Her story has changed the lives of others, not just her own. Indeed, in late 2011 a mystery benefactor purchased an expensive Genium prosthetic leg for her, attaching a note which read: “I want you to have the chance to achieve your dreams. My wish is that you might have the opportunity to help someone else in the future.”

The enthusiasm, positivity and purpose which drove her are now refocused into new tasks and projects. “I’m a motivational and keynote speaker,” she explains. “I inspire the employees of companies to transform challenges into opportunities. Because when there is change, there will also always be resistance. Often it is from employees who may be fearful of adjusting or who preferred old and familiar ways.”

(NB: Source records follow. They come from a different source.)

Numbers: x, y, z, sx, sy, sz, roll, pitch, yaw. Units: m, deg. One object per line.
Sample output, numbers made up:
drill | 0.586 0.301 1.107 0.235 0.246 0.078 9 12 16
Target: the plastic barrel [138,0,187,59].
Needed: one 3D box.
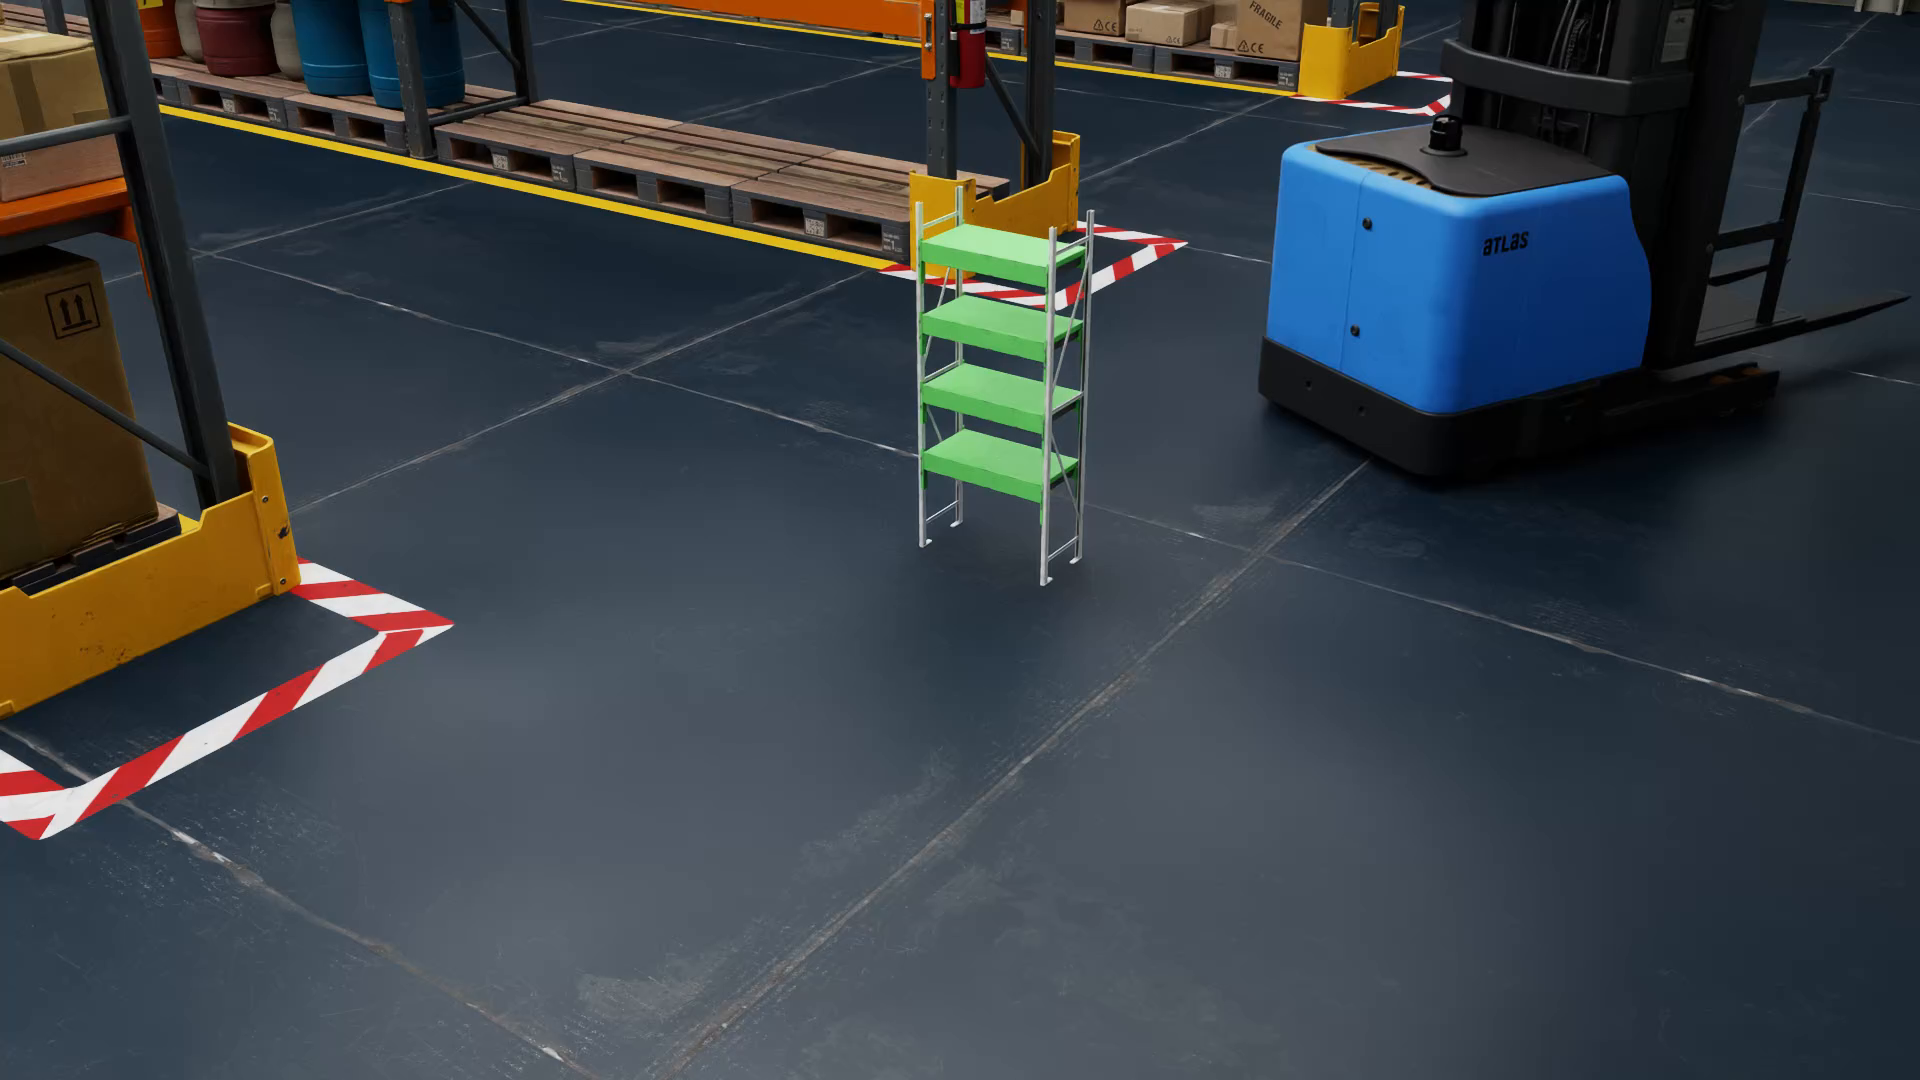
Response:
plastic barrel | -6.014 -4.040 12.311 0.708 0.830 0.600 17 32 30

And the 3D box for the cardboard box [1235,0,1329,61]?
cardboard box | 2.388 -3.866 12.310 0.500 0.500 0.500 17 32 30

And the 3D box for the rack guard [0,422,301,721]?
rack guard | -2.617 0.087 5.028 0.348 0.500 1.175 17 32 30

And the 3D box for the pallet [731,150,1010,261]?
pallet | -0.490 -1.869 9.189 1.213 0.211 1.003 17 32 30

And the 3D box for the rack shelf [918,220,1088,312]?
rack shelf | 0.136 -0.863 5.206 0.480 0.148 0.258 17 32 30

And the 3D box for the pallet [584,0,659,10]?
pallet | -3.025 -5.342 16.014 1.213 0.211 1.003 17 32 30

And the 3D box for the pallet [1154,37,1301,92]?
pallet | 2.255 -3.717 12.822 1.213 0.211 1.003 17 32 30

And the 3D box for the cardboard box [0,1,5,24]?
cardboard box | -3.291 -1.786 4.963 0.500 0.500 0.500 16 31 29

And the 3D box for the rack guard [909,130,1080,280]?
rack guard | 0.195 -1.770 8.676 0.348 0.500 1.175 17 32 30

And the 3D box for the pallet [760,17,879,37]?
pallet | -1.014 -4.715 14.783 1.213 0.211 1.003 17 32 30

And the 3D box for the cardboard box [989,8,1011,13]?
cardboard box | 0.308 -4.805 14.155 0.500 0.500 0.500 17 32 30

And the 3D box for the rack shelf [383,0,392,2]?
rack shelf | -4.778 -4.105 11.303 4.000 0.370 1.077 17 32 30

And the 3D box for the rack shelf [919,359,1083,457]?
rack shelf | 0.136 -0.435 5.423 0.480 0.148 0.258 17 32 30

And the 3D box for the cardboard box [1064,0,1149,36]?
cardboard box | 1.230 -4.366 13.290 0.637 0.503 0.797 17 32 30

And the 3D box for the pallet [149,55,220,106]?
pallet | -5.753 -3.510 12.414 1.213 0.211 1.003 17 32 30

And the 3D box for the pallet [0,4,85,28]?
pallet | -8.045 -4.224 13.817 1.213 0.211 1.003 17 32 30

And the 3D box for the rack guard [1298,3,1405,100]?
rack guard | 2.913 -3.642 12.354 0.348 0.500 1.175 17 32 30

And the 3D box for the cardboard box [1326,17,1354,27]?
cardboard box | 2.825 -3.898 12.760 0.250 0.149 0.380 17 32 30

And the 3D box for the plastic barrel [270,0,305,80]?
plastic barrel | -4.567 -3.497 11.594 0.421 0.512 0.421 0 27 0

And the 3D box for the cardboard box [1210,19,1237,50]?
cardboard box | 2.105 -3.855 12.656 0.250 0.166 0.380 17 32 30

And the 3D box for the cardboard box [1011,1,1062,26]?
cardboard box | 0.620 -4.290 13.510 0.250 0.166 0.380 17 32 30

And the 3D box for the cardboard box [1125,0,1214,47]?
cardboard box | 1.622 -4.009 12.868 0.500 0.250 0.500 17 32 30

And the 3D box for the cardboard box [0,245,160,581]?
cardboard box | -3.209 -0.408 5.124 0.875 0.875 0.875 17 32 30

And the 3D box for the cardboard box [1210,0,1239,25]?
cardboard box | 2.276 -4.081 13.008 0.500 0.250 0.500 17 32 30

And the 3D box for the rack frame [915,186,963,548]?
rack frame | -0.065 -0.555 5.517 0.015 1.200 0.240 17 32 30

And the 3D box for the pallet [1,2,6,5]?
pallet | -9.054 -4.537 14.432 1.213 0.211 1.003 17 32 30

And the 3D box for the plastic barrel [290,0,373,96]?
plastic barrel | -4.152 -3.492 11.155 0.708 0.901 0.600 17 32 30

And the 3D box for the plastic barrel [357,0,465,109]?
plastic barrel | -3.568 -3.310 10.798 0.708 0.901 0.600 17 32 30

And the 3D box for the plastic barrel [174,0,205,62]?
plastic barrel | -5.498 -3.787 12.164 0.421 0.512 0.421 0 27 0

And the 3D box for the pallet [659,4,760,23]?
pallet | -2.024 -5.028 15.398 1.213 0.211 1.003 17 32 30

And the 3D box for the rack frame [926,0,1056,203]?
rack frame | 0.168 -2.885 8.112 0.127 3.000 1.000 17 32 30

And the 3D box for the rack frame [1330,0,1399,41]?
rack frame | 2.975 -4.736 11.749 0.127 3.000 1.000 17 32 30

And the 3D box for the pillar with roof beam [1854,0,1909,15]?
pillar with roof beam | 6.055 -7.283 10.140 0.400 9.000 9.100 17 32 30

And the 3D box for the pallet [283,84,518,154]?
pallet | -3.742 -2.883 11.183 1.213 0.211 1.003 17 32 30

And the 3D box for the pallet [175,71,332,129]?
pallet | -4.752 -3.196 11.798 1.213 0.211 1.003 17 32 30

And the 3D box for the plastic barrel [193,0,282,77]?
plastic barrel | -5.083 -3.643 11.796 0.708 0.588 0.600 17 32 30

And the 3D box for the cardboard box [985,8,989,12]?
cardboard box | -0.098 -4.572 13.907 0.500 0.311 0.500 17 32 30

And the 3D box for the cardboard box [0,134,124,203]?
cardboard box | -2.742 -1.136 4.952 0.250 0.149 0.380 18 32 31

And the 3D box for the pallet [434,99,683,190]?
pallet | -2.501 -2.495 10.420 1.213 0.211 1.003 17 32 30

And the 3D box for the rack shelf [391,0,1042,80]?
rack shelf | -1.481 -3.078 9.284 4.000 0.370 1.077 17 32 30

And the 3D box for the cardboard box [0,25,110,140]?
cardboard box | -2.879 -1.323 4.881 0.500 0.250 0.500 16 31 29

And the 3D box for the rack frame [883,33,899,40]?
rack frame | -0.322 -5.763 13.767 0.127 3.000 1.000 17 32 30

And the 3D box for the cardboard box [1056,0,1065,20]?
cardboard box | 0.927 -4.528 13.820 0.500 0.311 0.500 17 32 30

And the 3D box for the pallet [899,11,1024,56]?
pallet | 0.244 -4.344 14.053 1.213 0.211 1.003 17 32 30

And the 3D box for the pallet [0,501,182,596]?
pallet | -3.340 0.033 5.452 1.213 0.211 1.003 17 32 30

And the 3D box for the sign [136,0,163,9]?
sign | -2.317 -1.661 4.664 0.005 0.325 0.100 17 32 30

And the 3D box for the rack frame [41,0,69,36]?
rack frame | -6.427 -4.939 12.149 0.127 3.000 1.000 17 32 30

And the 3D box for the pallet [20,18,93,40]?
pallet | -7.043 -3.910 13.201 1.213 0.211 1.003 17 32 30

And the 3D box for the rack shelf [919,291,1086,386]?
rack shelf | 0.136 -0.649 5.314 0.480 0.148 0.258 17 32 30

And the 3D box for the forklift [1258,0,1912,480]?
forklift | 2.755 -1.996 6.441 3.031 2.935 1.130 -14 30 -26

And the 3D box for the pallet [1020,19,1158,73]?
pallet | 1.253 -4.031 13.438 1.213 0.211 1.003 17 32 30

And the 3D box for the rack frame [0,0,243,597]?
rack frame | -2.636 -1.033 4.473 0.127 3.000 1.000 17 32 30

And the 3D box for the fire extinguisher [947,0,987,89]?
fire extinguisher | 0.035 -2.476 7.804 0.183 0.674 0.296 17 32 30

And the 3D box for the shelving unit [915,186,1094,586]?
shelving unit | 0.136 -0.492 5.394 0.503 1.200 0.258 17 32 30

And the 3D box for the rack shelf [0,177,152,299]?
rack shelf | -4.285 -1.226 5.646 4.000 0.370 1.077 17 32 30

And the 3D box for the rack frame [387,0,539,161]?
rack frame | -3.129 -3.912 10.130 0.127 3.000 1.000 17 32 30

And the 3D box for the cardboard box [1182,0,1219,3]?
cardboard box | 1.863 -4.209 13.260 0.500 0.250 0.500 17 32 30

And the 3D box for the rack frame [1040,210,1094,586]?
rack frame | 0.338 -0.430 5.271 0.015 1.200 0.240 17 32 30

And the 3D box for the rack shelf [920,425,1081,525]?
rack shelf | 0.136 -0.221 5.532 0.480 0.148 0.258 17 32 30

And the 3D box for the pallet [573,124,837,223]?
pallet | -1.492 -2.182 9.805 1.213 0.211 1.003 17 32 30
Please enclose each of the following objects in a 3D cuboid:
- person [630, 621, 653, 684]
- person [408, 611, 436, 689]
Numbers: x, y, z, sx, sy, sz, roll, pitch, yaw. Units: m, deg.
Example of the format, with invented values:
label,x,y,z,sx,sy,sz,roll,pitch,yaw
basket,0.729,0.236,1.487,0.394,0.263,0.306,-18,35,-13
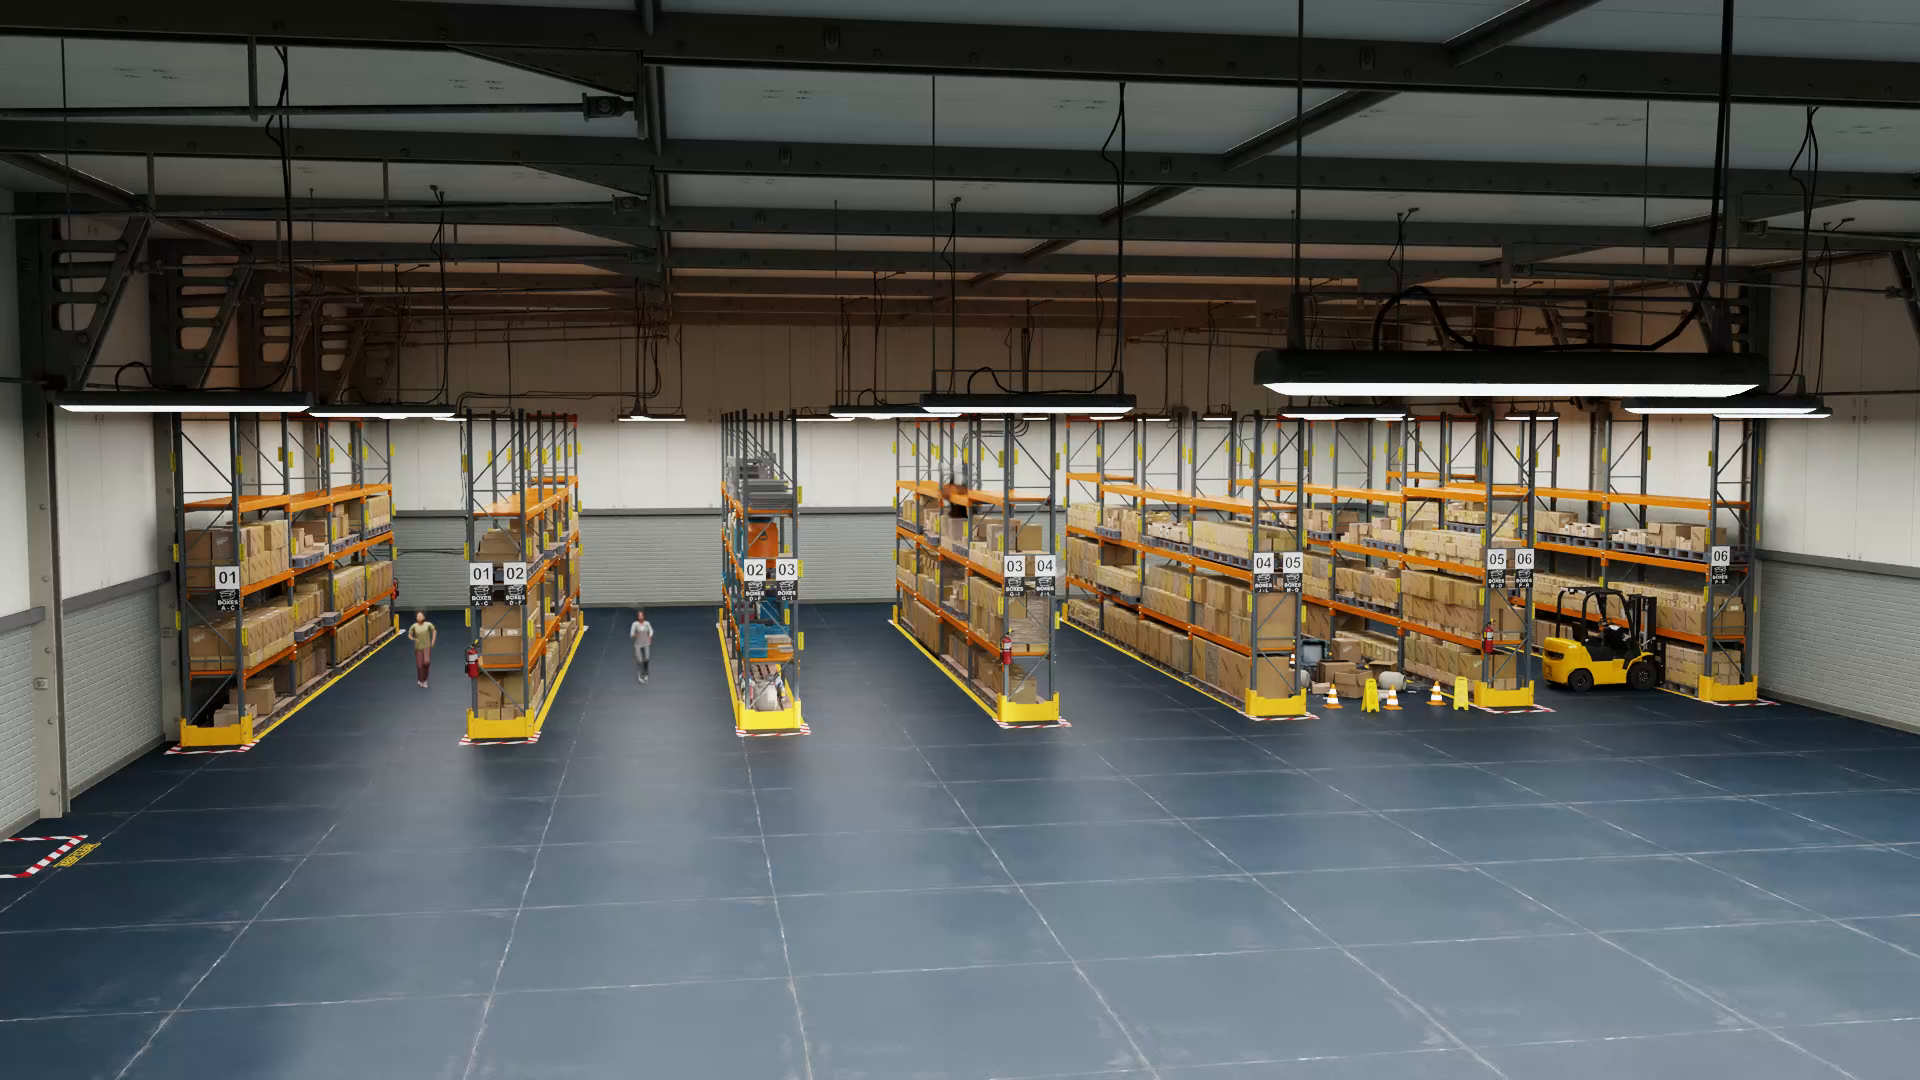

She has been hired by the likes of KPMG, Capital Group, BMW and Allianz. “My role is to help employees in these situations to discover a new perspective. Sometimes I talk for an hour, maybe with questions afterwards, sometimes we workshop. I use my life as a metaphor. Because my life and challenge might seem very intense, but it’s really not that different to anybody else.”

Mohr uses a few words, to sum up what happened to her, and it is hard to argue with them. “They took my leg,” she says,

“but they gave me life.”

www.carolinemohr.eu/en

Caroline got married in 2018 and changed her last name from Larsson to Mohr. During the same year, Caroline raised more money for the school in South Africa and secured education for 350 kids until 2023.